The Plain cast decisive votes during the National Convention’s major decisions: backing the motion that led to the abolition of feudal privileges, shaping the verdict and sentence in the regicide question, and enabling the Convention to endorse extraordinary measures such as the Levee en masse and the creation of revolutionary tribunals. In moments of crisis—such as the aftermath of the Insurrection of 31 May – 2 June 1793 and the purge of the Girondins—Plain deputies alternated between tolerating the concentration of power in the Committee of Public Safety and supporting Thermidorian moderates like Paul Barras and Lazare Carnot in reaction against Robespierre and the Great Terror. Their votes affected legislation on the Law of Suspects, the calendar reforms culminating in the French Republican Calendar, and measures concerning the National Convention’s provinces and siege economies.

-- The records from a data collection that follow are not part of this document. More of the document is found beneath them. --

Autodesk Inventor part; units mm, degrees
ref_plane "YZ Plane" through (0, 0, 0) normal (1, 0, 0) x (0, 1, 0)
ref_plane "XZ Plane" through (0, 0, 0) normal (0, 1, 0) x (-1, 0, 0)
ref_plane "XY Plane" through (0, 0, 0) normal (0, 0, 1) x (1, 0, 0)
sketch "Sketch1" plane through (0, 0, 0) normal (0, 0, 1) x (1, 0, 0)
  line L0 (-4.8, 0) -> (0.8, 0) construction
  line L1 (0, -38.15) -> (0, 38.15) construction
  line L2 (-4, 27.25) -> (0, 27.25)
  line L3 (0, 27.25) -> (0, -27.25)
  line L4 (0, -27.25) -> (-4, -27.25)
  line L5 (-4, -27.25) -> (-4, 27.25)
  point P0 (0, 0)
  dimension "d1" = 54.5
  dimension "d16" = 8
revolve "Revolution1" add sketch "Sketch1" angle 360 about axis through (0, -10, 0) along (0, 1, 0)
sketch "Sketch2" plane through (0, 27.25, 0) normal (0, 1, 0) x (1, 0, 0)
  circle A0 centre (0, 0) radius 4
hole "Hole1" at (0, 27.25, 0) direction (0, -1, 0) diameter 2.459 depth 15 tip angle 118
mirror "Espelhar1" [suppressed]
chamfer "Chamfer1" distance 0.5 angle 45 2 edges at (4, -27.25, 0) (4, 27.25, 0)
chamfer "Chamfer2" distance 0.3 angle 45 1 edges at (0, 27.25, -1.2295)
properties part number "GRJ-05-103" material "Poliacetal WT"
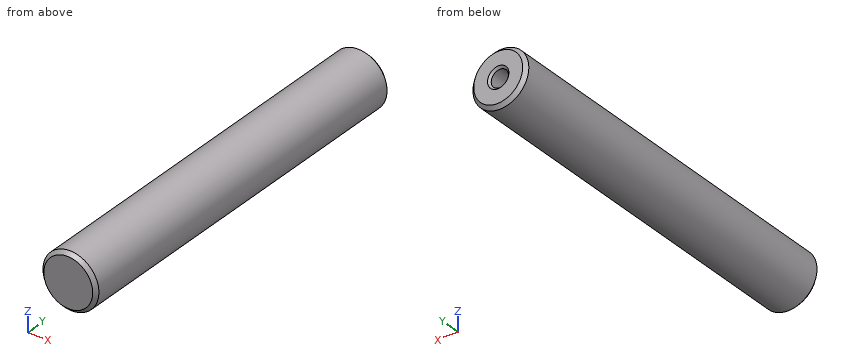
The model under review builds one solid part; all positions refer to its coordinate system, in mm. Round coordinates to 2 decimals unless told otherwise and drop trailing zeros. Order: outer loops, then holes, each group sorted by start corner. A loop starts at its lowest first (then second) coordinate and runs counter-clockwise, first axis right, second up. Notation, with made-up numbers: (66.25, 14.25) - (91.25, 14.25) arc R20 cw to (91.25, 47.25) - close; hole circle Ø3 at (-22.75, -32.5). An arc over 180 degrees is marked (long way). Answer in a Markdown table with one row per item.
(1) Take a section at A-A on y = -14. Write out the cut boundary in (x, z).
Result set:
| item | result |
|---|---|
| outline | circle Ø8 at (0, 0) |
(2) Take a section at B-B on y = 16. Write out the cut boundary in (x, z), plus the area to 3 significant figures.
Result set:
| item | result |
|---|---|
| outline | circle Ø8 at (0, 0); hole circle Ø2.46 at (0, 0) |
| area | 45.5 mm2 |
(3) For line 1 (Z direction, x = 0, y = 23); line 2 (Z direction, x = 0.75, y = 24.5); line 3 (Y direction, x = -1.5, z = -3.25), list the stretches that pass through material, from the lowest coordinate up. Write a range as from..to.
Result set:
| item | result |
|---|---|
| line 1 | z = -4..-1.23, 1.23..4 |
| line 2 | z = -3.93..-0.97, 0.97..3.93 |
| line 3 | y = -27.17..27.17 |
(4) Clearance check with a flat-ended pin moving along its axis: P1, Ø2, axis at x = -3, y = -7, coming from the -Z side. State where the tip first meets the part, or that it passes through.
Result set:
| item | result |
|---|---|
| P1 | stops at z = -3.46 |
```python
from build123d import *

# Parameters (mm, degrees)
SKETCH1_R           = 750
SKETCH1_R_2         = 8.89
BOSS_EXTRUDE1_DEPTH = 20
FILLET1_R           = 10
SKETCH3_R           = 5
BOSS_EXTRUDE2_DEPTH = 47


with BuildPart() as part:
    # Sketch1 → Boss-Extrude1 (new body)
    with BuildSketch(Plane(origin=(0, 0, 0), x_dir=(1, 0, 0), z_dir=(0, 1, 0))):
        with Locations(Location((0, 0, 0), (0, 0, 270))):
            Circle(SKETCH1_R)
        with Locations(Location((0, 300, 0), (0, 0, 270))):
            Circle(SKETCH1_R_2, mode=Mode.SUBTRACT)
        with Locations(Location((-300, 0, 0), (0, 0, 270))):
            Circle(SKETCH1_R_2, mode=Mode.SUBTRACT)
        with Locations(Location((300, 0, 0), (0, 0, 270))):
            Circle(SKETCH1_R_2, mode=Mode.SUBTRACT)
    extrude(amount=BOSS_EXTRUDE1_DEPTH)

    # Fillet1
    fillet1_edges = [part.edges().sort_by_distance(p)[0] for p in [
        (0, 0, -750),
        (-300, 0, -8.89),
        (300, 0, -8.89),
        (0, 0, -308.89),
    ]]
    fillet(fillet1_edges, radius=FILLET1_R)

    # Sketch3 → Boss-Extrude2 (add)
    with BuildSketch(Plane(origin=(0, 20, 0), x_dir=(1, 0, 0), z_dir=(0, 1, 0))):
        with Locations(Location((-325, 0, 0), (0, 0, 270))):
            Circle(SKETCH3_R)
        with Locations(Location((325, 0, 0), (0, 0, 270))):
            Circle(SKETCH3_R)
        with Locations(Location((0, 325, 0), (0, 0, 270))):
            Circle(SKETCH3_R)
    extrude(amount=-BOSS_EXTRUDE2_DEPTH)


solid = part.part
```
Check sheet for the modelled part. Datum: model origin and axes. Units: mm. Coordinates: 2 decimals unless noted, no trailing zeros. Loops run counter-clockwise (first coordinate to the right, second up) from the corner with the lowest first, then second, coordinate; pieces in that order, holes last. Notation, with made-up numbers: M 84.25,58 L 133.25,58 A15 ccw 133.25,70 Z; hole C 74.25,23.25 d9. An arc over 180 degrees is marked long. Answer as a JSON object with one key per item and string values.
1. Sectioned sample at A-A on y = -10.5. Record the cut outline in (x, z).
Outcome:
{"outline": "C -325,0 d10; C 0,-325 d10; C 325,0 d10"}
2. Depth check by flat-ended pin: P1, Ø5, axis at x = -242.5, z = 115.5, coming from the -Y side; P2, Ø3, axis at y = 9, z = 358, coming from the +X side; P3, Ø23, axis at x = 0, z = -300, coming from the -Y side; P4, Ø16, axis at x = 300, z = 0, coming from the +Y side. Enter the tip coordinate at first touch or a pass-through.
Outcome:
{"P1": "y = 0", "P2": "x = 659.81", "P3": "y = 3.26", "P4": "through"}
3. Scan lines: L1, parallel to X at y = 16, z = 0; L2, parallel to Y at x = -135.5, z = -234; L3, parallel to Z at x = 323, y = -16. Record each from-to range of solid material in increasing order. Write a range as from..to.
Outcome:
{"L1": "-750..-308.89, -291.11..291.11, 308.89..750", "L2": "0..20", "L3": "-4.58..4.58"}

After the fall of Maximilien Robespierre in the Thermidorian Reaction of 27 July 1794, the Plain’s cohesion weakened as Thermidorians, former Montagnards, and ex-Girondins realigned, with figures such as Paul Barras and Pierre Riel de Beurnonville rising to prominence in the Directory era. The Plain’s pragmatic centrism left a legacy visible in later constitutional arrangements including the Constitution of the Year III and influenced debates in the Consulate about executive power and civil administration, while its role in momentous votes continued to be studied alongside the careers of Maximilien Robespierre, Georges Danton, Camille Desmoulins, Jacques-Pierre Brissot, and others as a case of parliamentary swing politics during revolutionary crisis.